Chapter Two

Chapter 2


‘I’m telling you’, said JC waving a yellow, nicotined finger around the room and at no one in particular,
‘They are using a JCB to dig a tunnel under the Atlantic, surfacing in Hollywood and kidnapping certain movie stars and bringing them back to England…….


‘Via the tunnel’ someone said, gently steering the bearded JC through his story. ‘Via the newly built tunnel and making them perform in hit West End shows. Have you ever wondered why so many of them are here? Your Cruise's, Pachino's, De Niro's, they are all at it.’

JC finished speaking with the studied air of a well-thought out theory succinctly put, pulled hard on a Lambert and Butler and flicked the ash onto the pitted, Lino floor.

‘They call me JC, I’m an American’ said JC proudly, in an altogether unconvincing American accent.

‘And another thing’

His voice trailed off and was drowned in his unkempt beard. He eventually lapsed into a silence that hung awkwardly in the small, airless room until Brian helpfully came to his rescue.

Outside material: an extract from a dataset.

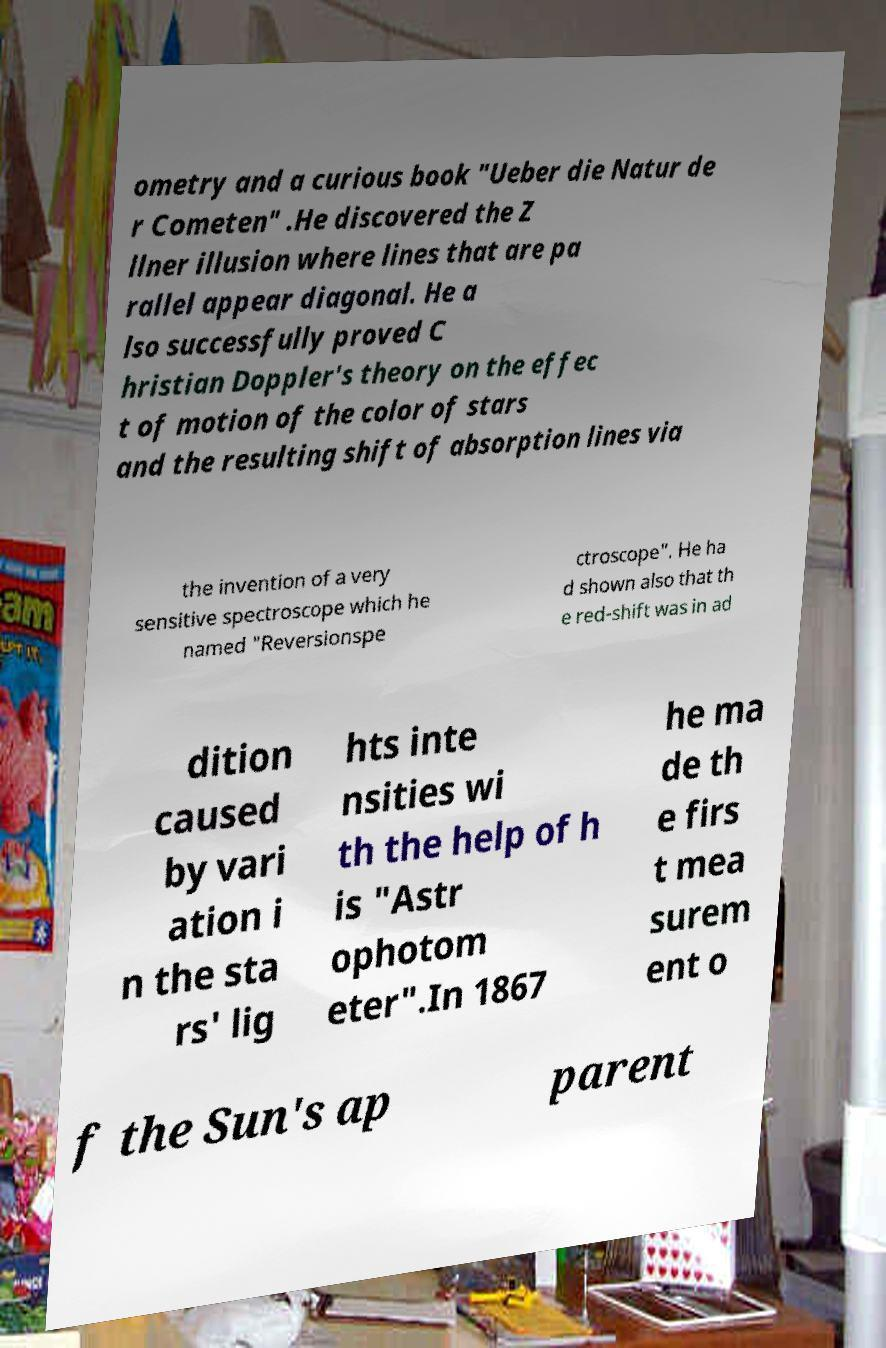Could you assist in decoding the text presented in this image and type it out clearly? ometry and a curious book "Ueber die Natur de r Cometen" .He discovered the Z llner illusion where lines that are pa rallel appear diagonal. He a lso successfully proved C hristian Doppler's theory on the effec t of motion of the color of stars and the resulting shift of absorption lines via the invention of a very sensitive spectroscope which he named "Reversionspe ctroscope". He ha d shown also that th e red-shift was in ad dition caused by vari ation i n the sta rs' lig hts inte nsities wi th the help of h is "Astr ophotom eter".In 1867 he ma de th e firs t mea surem ent o f the Sun's ap parent 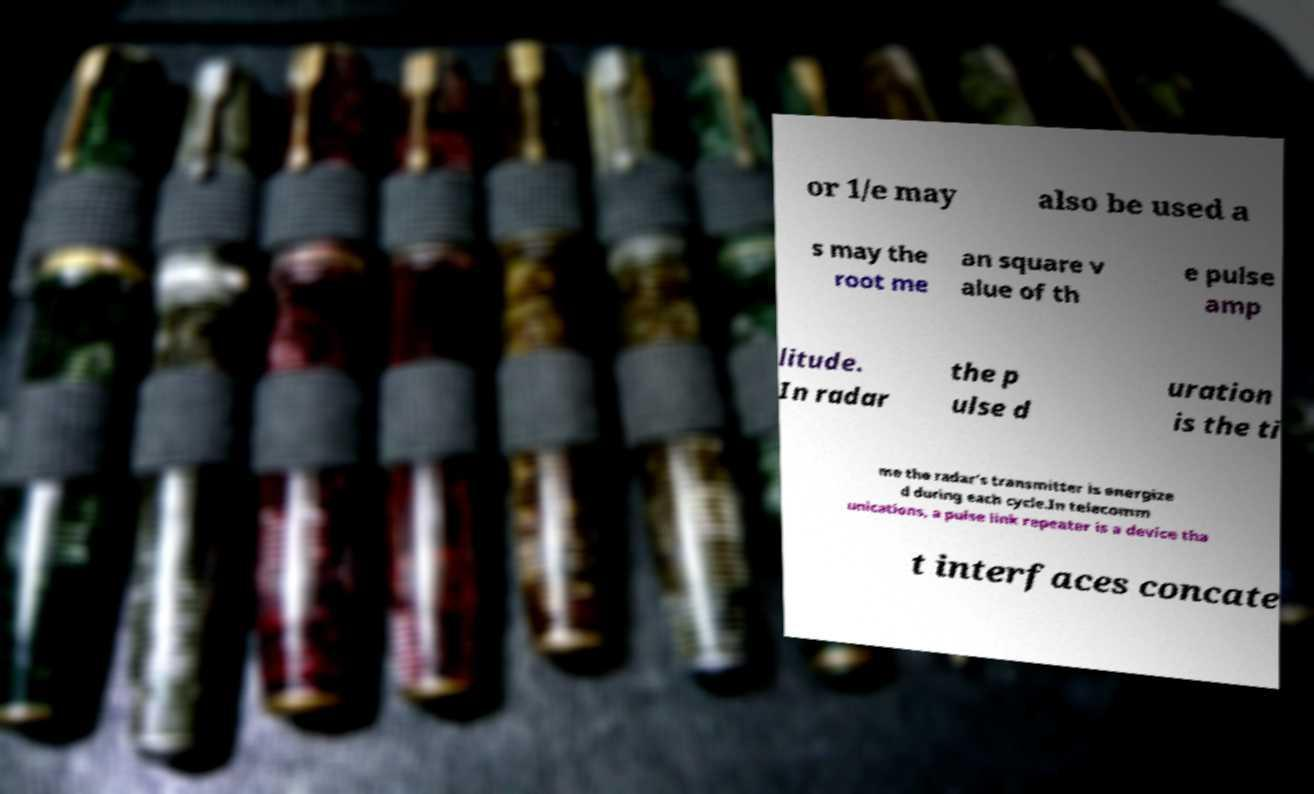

‘I tried to kill my brother’, he said beaming at everyone present.

‘With an axe’.

His eyes rolled around his head as if searching for the words with which he could continue his story and he too fell silent, lips pursed, down loading the necessary information with which he could continue but would never come.

A faint gust of wind tugged at the yellowing curtain and a welcome breeze eddied around the room. A light aircraft whined its way across a cloudless sky and disappeared over the horizon, its pilot squeezing every last ounce of power from its feeble engine.
Another awkward silence descended and everyone present took a drag on their respective fags.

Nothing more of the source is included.